The $25 million deepfake video call

A finance worker wired a fortune after a meeting where everyone but him was fake.

  • TargetMultinational firm, Hong Kong office
  • What was fakedThe CFO and several colleagues, live on a call
  • MethodDeepfake video conference
  • Disclosed byHong Kong Police

What happened

An employee in the finance department of a multinational company received a message about a confidential transaction. Suspicious that it might be a phishing attempt, the worker joined a video call to verify it, and there was the company's chief financial officer, along with several recognizable colleagues. Reassured by familiar faces and voices, the employee carried out a series of transfers totaling roughly US$25.6 million.

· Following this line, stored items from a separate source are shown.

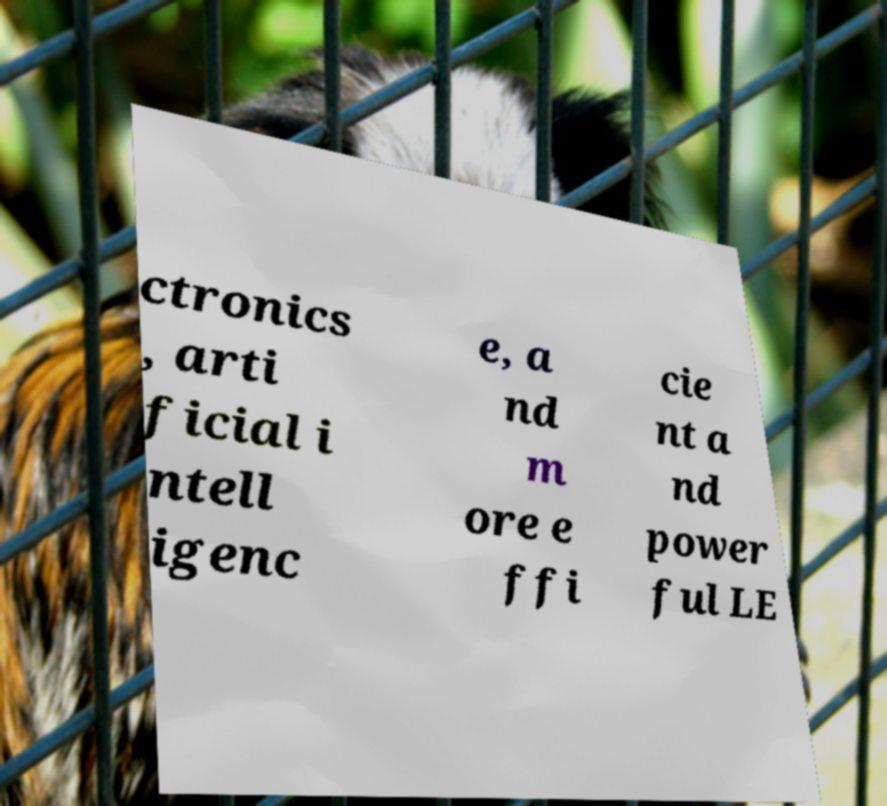For documentation purposes, I need the text within this image transcribed. Could you provide that? ctronics , arti ficial i ntell igenc e, a nd m ore e ffi cie nt a nd power ful LE 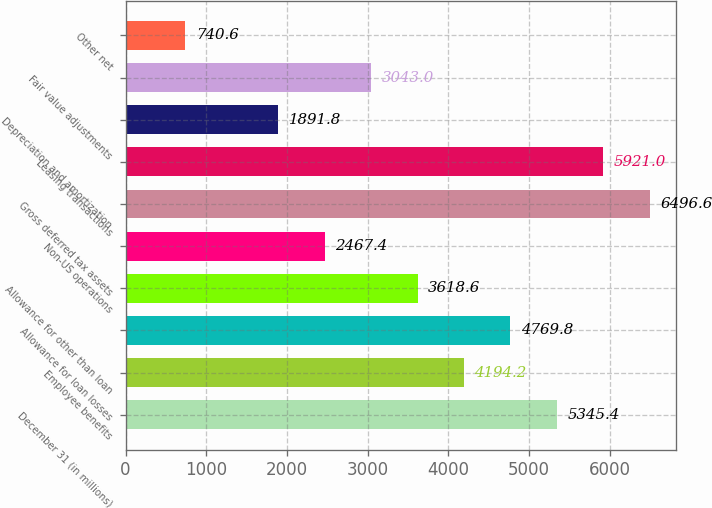Convert chart. <chart><loc_0><loc_0><loc_500><loc_500><bar_chart><fcel>December 31 (in millions)<fcel>Employee benefits<fcel>Allowance for loan losses<fcel>Allowance for other than loan<fcel>Non-US operations<fcel>Gross deferred tax assets<fcel>Leasing transactions<fcel>Depreciation and amortization<fcel>Fair value adjustments<fcel>Other net<nl><fcel>5345.4<fcel>4194.2<fcel>4769.8<fcel>3618.6<fcel>2467.4<fcel>6496.6<fcel>5921<fcel>1891.8<fcel>3043<fcel>740.6<nl></chart> 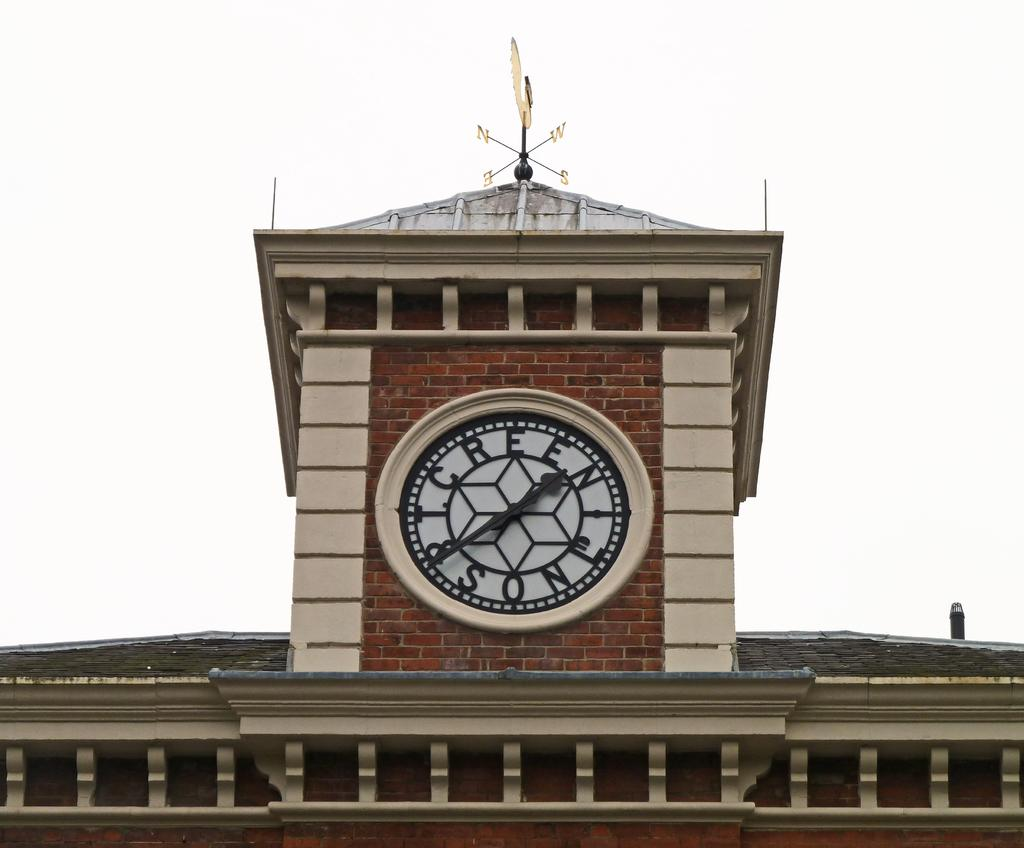<image>
Give a short and clear explanation of the subsequent image. A clock tower on a brick building with T. Green and Son on the clock.

Every other person on that call was a deepfake. The fraudsters had assembled convincing synthetic versions of real staff, most likely built from publicly available video and audio, and used them to stage an entire meeting.

How it surfaced

The loss came to light only after the employee later checked with the company's head office and discovered no such transaction had been authorized. Hong Kong police subsequently disclosed the case as one of the first known examples of a multi-person deepfake used to defraud a business in real time.

Why it matters

This is the moment 'seeing is believing' broke for live video. The defense was never going to be a sharper eye; it was process: out-of-band verification, callback procedures, and treating any urgent payment request as suspect no matter who appears to be asking. Authenticity now lives in the workflow, not the webcam.